With each successive generation this gap increases.
As schools and social services are tied to residence
location, the wealth gap is effectively leading to ever
greater racial segregation. The current way we fund and
provide access to services produces, in Shapiro’s
words, a “privatized notion of citizenship in which
communities, families and individuals try to capture
or purchase resources and services for their own benefit
rather than invest in an infrastructure that would help
everyone.”
By creating shared stewardship of land and a mechanism
for the wealth generated through housing appreciation
to be shared from one lower-income family to another,
the CLT offers an antidote for these interrelated problems.
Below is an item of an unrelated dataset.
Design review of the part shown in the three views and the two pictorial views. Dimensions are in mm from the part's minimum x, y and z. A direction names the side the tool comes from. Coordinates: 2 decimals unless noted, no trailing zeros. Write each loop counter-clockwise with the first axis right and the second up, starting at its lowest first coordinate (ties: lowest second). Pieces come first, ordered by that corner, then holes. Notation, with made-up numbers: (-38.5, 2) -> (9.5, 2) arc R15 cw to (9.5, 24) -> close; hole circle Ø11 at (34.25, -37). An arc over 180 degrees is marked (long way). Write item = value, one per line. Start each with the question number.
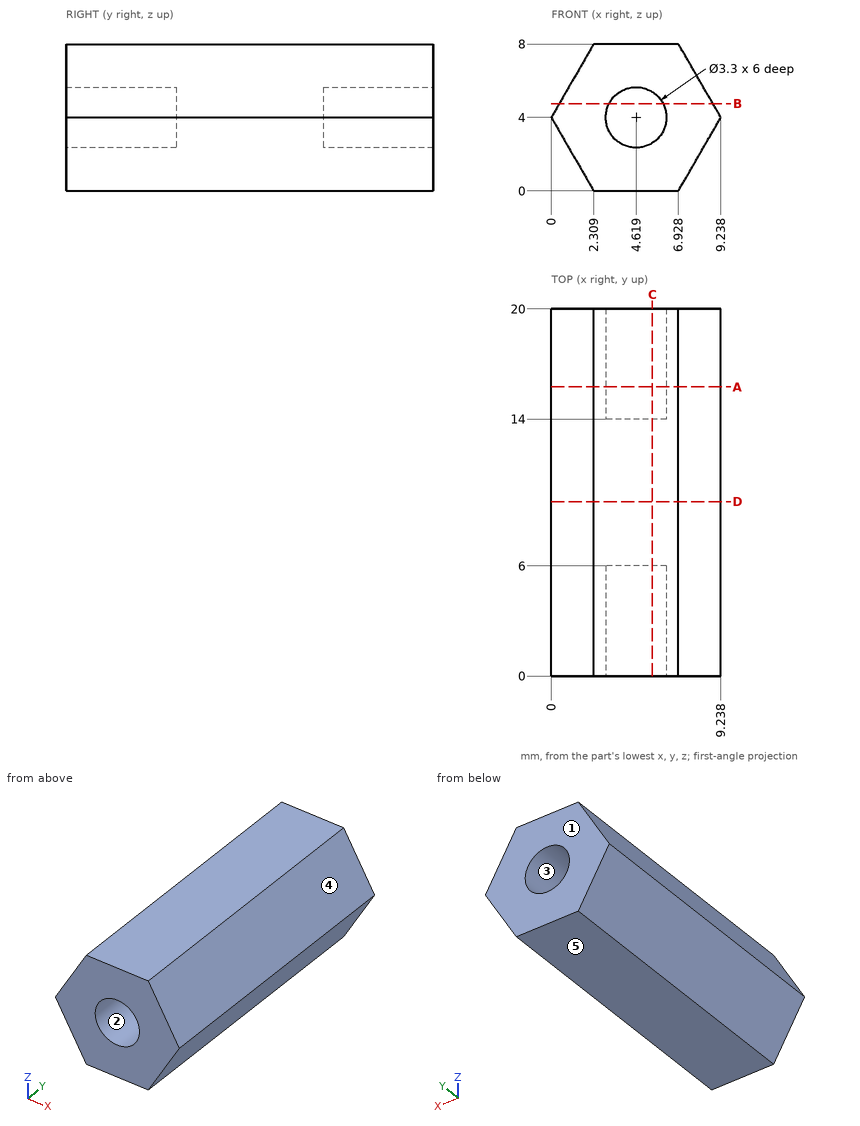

The land trust can, in effect, substitute for inherited
wealth, and thus has the potential to address the racial
wealth gap in this country. Examples like Dudley Street
demonstrate the ability of the CLT to change the dynamics,
to provide opportunity for all residents, to prevent
displacement, gentrification and the associated racial
segregation.
Faced with an administration that seems focused, more
than any in recent memory, on increasing the wealth of
the top few at the expense of the many, we have little
choice but to find our own solutions and implement them.
In my new role as Executive Director of the Institute
for Community Economics, I hope to raise awareness about
the potential for community land trusts to level the
playing field, creating opportunities for people of color.
Dudley Street is the quintessential melting pot, a laboratory
where the CLT model has been tested and proven to provide
opportunity across race lines.
Poverty & Race Research Action Council
1015 15th Street NW, Suite 400, Washington, DC 20005
phone: 202/906-8023 * fax: 202/842-2885 * email: info@prrac.org
©Copyright 1992-2006 Poverty & Race Research Action Council
Gus Newport is a former two-term (1979-86) Mayor
of Berkeley, CA and the former Director of Boston's
Dudley Street Neighborhood Initiative. Most recently,
he served as the Executive Director of the Institute
for Community Economics in Springfield, MA. He has
also served on the faculty of University of California
- Santa Cruz, University of Massachusetts - Boston,
Yale and Portland State University.
To access this article at www.prrac.org, please
click here.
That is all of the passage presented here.